Method of Rate Control for Multi-Pass MPEG Variable Bit Rate Coding

Ligang Lu, Cesar A. Gonzales, and Jack Kouloheris

What is disclosed is a new rate control algorithm for MPEG multi-pass VBR coding. The primary purpose of the first coding pass in a multiple pass coding scheme is to obtain statistical information of the source so that appropriate coding parameters can be chosen for better picture quality in the later passes. In our method, we gather statistical data for each picture P(k) in the first pass. The two most important statistics collected are the bit count B(1,k) and the average quantization scale Q(1,k) which are used to estimate the parameter of the bit production model or the picture complexity C(k). The other statistics, such as the spatial activity and the temporal activity, may also be obtained for scene change and fading detection. In the following we first introduce a more accurate picture coding complexity estimate.

1. A More Accurate Picture Coding Complexity Estimate

In [2], the bit production model for the k-th picture is assumed as B(1,k) = C(k) /Q(1,k). This model has a problem, especially in the low bit rate coding cases. The bit count B(1,k) includes both the bits used to code the overhead, such as the headers and the motion vectors, and the bits used to compress the DCT (Discrete Cosine Transform) coefficients. However, only the amount of bits used to encode the DCT coefficients depends largely upon the picture coding complexity while the bits used to code the overhead is in general independent of the picture coding complexity. Including the overhead bits in the model results in inaccuracy in the estimation of the picture coding complexity. This inaccuracy will become significant when the picture is relative easy to be compressed, especially in the low bit rate coding cases. The model will tend to overestimate the picture coding complexity.

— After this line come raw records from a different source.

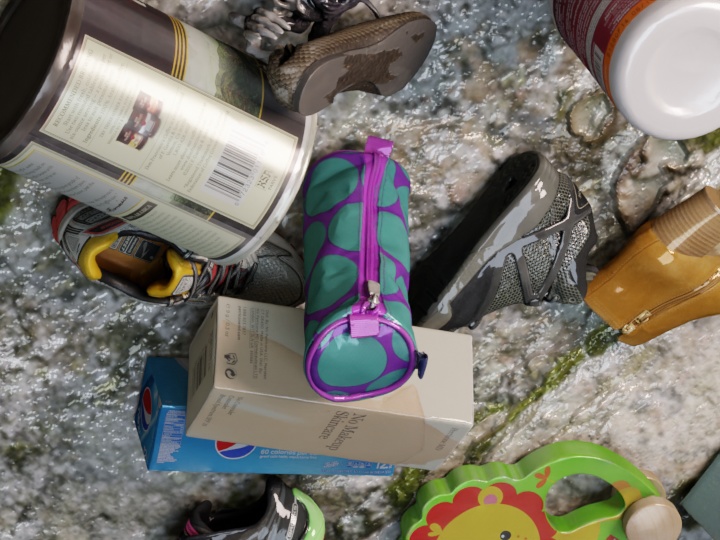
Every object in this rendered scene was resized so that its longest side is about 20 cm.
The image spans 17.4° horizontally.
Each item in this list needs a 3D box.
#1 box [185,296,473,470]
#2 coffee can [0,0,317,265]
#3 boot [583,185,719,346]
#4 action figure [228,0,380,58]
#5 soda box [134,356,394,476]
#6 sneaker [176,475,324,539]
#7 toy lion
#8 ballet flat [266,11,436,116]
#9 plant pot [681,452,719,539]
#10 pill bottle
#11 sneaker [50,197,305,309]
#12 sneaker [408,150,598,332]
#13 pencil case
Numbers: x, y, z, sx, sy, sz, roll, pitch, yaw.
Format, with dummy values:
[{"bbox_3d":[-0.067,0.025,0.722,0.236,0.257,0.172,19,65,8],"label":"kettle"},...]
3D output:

To more accurately estimate the picture coding complexity and describe the bit production model for better rate control and picture quality, we divide B(1,k) into the bits used in encoding the overhead B(1,k,o) and the bits spent on coding the DCT coefficients B(1,k,c). That is B(1,k) = B(1,k,o) + B(1,k,c). In general, B(1,k,c) depends on the picture coding complexity while B(1,k,o) is independent of it. To more accurately estimate the picture coding complexity, especially for the low bit rate coding applications, we propose a new bit production model B(1,k) = B(1,k,o) + C(k)/Q(1,k) and the picture coding complexity C(k) = B(1,k,c) Q(1,k).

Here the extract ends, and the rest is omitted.